Instructions to follow:
Write out the records that follow exactly. Do not include pictures.

[Items from a data source]
━━━━━━
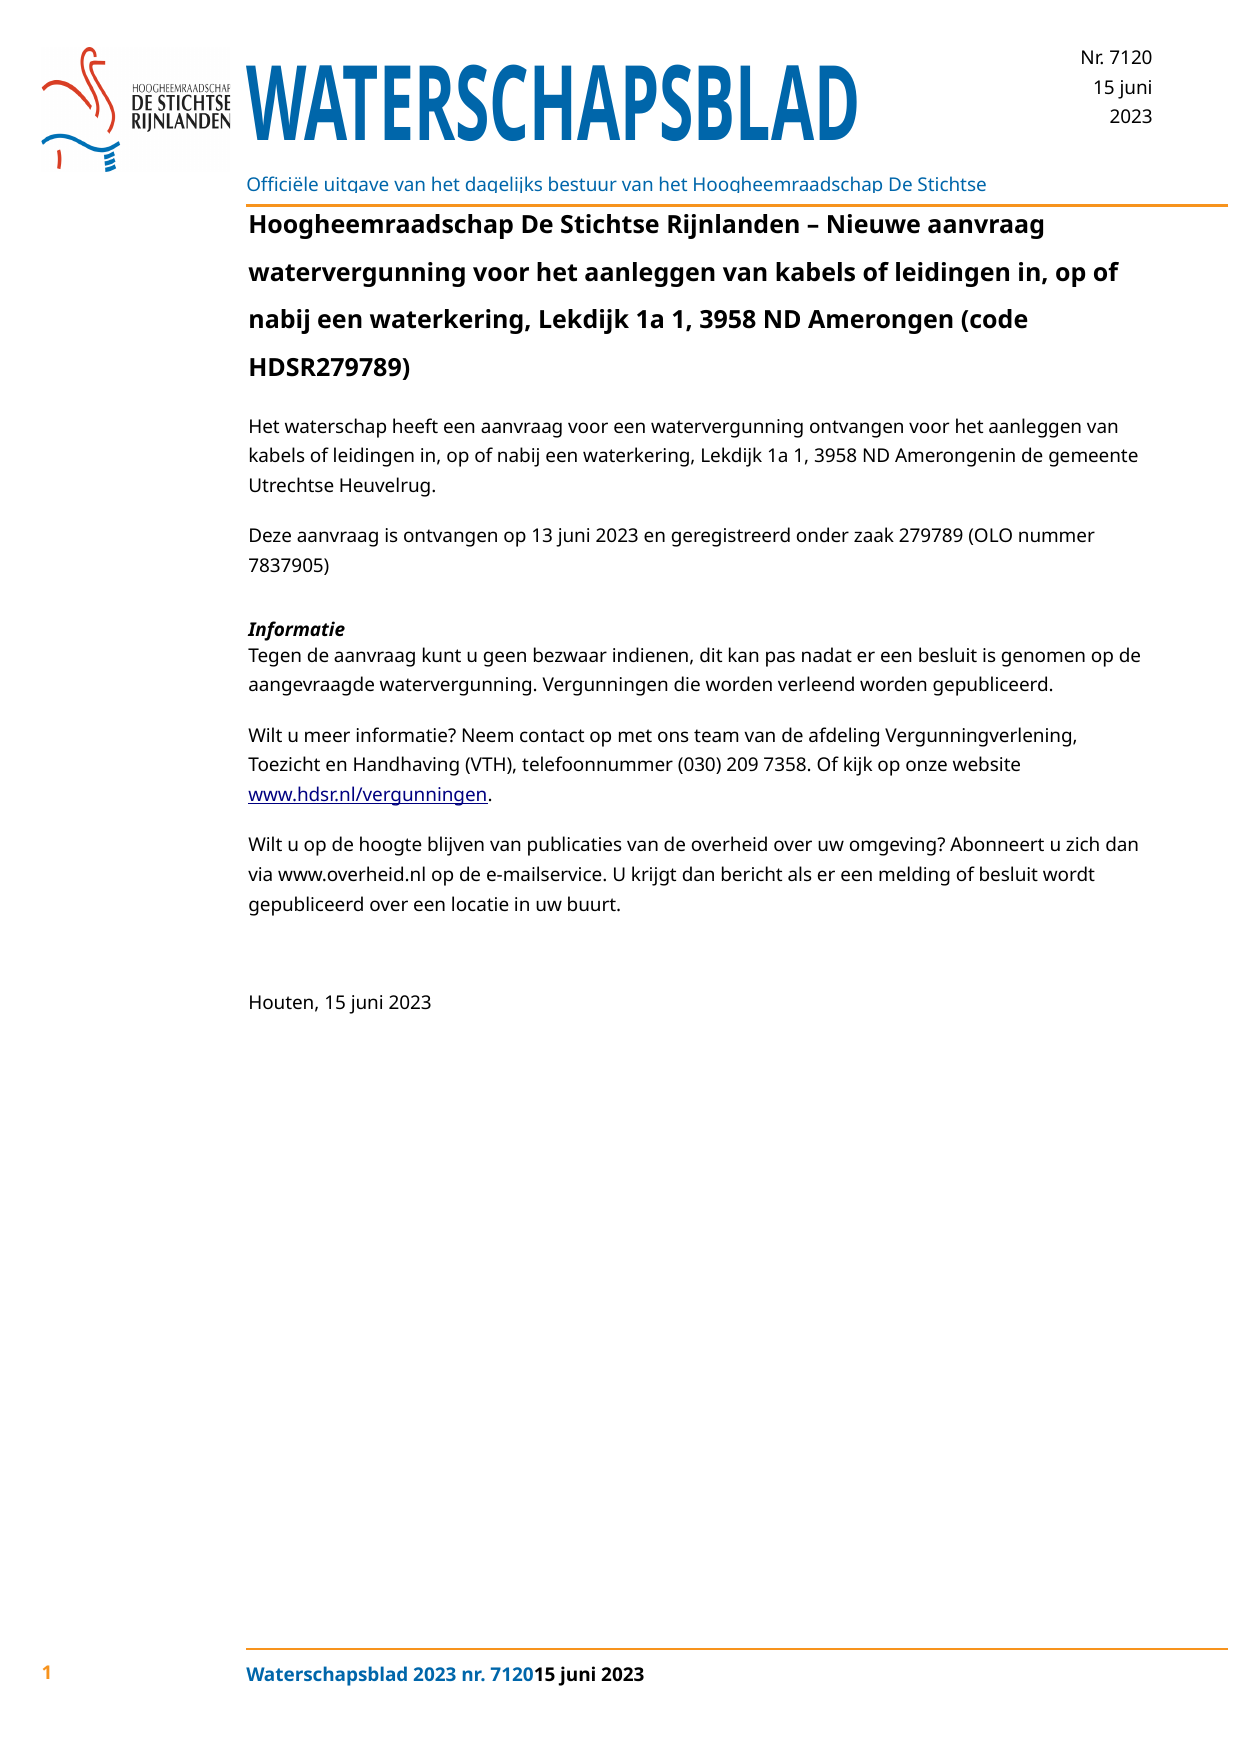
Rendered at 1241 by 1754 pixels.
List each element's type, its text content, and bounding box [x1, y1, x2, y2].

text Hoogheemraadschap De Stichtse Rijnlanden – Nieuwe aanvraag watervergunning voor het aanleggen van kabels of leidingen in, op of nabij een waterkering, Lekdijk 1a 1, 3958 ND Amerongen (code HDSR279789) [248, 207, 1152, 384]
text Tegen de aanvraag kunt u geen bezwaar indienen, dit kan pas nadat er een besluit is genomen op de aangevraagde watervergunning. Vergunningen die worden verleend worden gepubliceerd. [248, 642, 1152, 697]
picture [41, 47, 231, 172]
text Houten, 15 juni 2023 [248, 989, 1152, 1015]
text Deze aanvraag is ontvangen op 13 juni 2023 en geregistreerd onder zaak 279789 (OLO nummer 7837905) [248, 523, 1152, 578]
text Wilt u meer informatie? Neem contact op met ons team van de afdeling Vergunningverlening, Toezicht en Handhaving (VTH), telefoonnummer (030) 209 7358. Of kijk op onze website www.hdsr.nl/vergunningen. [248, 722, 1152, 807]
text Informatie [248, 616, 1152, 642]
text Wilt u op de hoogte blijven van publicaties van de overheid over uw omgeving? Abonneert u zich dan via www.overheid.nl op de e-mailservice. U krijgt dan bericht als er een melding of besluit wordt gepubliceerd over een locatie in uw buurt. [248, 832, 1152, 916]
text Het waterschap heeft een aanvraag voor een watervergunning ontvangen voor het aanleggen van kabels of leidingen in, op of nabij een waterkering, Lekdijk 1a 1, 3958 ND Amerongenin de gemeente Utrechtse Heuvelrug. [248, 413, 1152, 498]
━━━━━━
Result of this exercise:
Rendered at 1241 by 1754 pixels.
List each element's type, its text content, and bounding box [x1, y1, x2, y2].

text Hoogheemraadschap De Stichtse Rijnlanden – Nieuwe aanvraag watervergunning voor het aanleggen van kabels of leidingen in, op of nabij een waterkering, Lekdijk 1a 1, 3958 ND Amerongen (code HDSR279789) [248, 207, 1152, 384]
text Tegen de aanvraag kunt u geen bezwaar indienen, dit kan pas nadat er een besluit is genomen op de aangevraagde watervergunning. Vergunningen die worden verleend worden gepubliceerd. [248, 642, 1152, 697]
picture [41, 47, 231, 172]
text Houten, 15 juni 2023 [248, 989, 1152, 1015]
text Deze aanvraag is ontvangen op 13 juni 2023 en geregistreerd onder zaak 279789 (OLO nummer 7837905) [248, 523, 1152, 578]
text Wilt u meer informatie? Neem contact op met ons team van de afdeling Vergunningverlening, Toezicht en Handhaving (VTH), telefoonnummer (030) 209 7358. Of kijk op onze website www.hdsr.nl/vergunningen. [248, 722, 1152, 807]
text Informatie [248, 616, 1152, 642]
text Wilt u op de hoogte blijven van publicaties van de overheid over uw omgeving? Abonneert u zich dan via www.overheid.nl op de e-mailservice. U krijgt dan bericht als er een melding of besluit wordt gepubliceerd over een locatie in uw buurt. [248, 832, 1152, 916]
text Het waterschap heeft een aanvraag voor een watervergunning ontvangen voor het aanleggen van kabels of leidingen in, op of nabij een waterkering, Lekdijk 1a 1, 3958 ND Amerongenin de gemeente Utrechtse Heuvelrug. [248, 413, 1152, 498]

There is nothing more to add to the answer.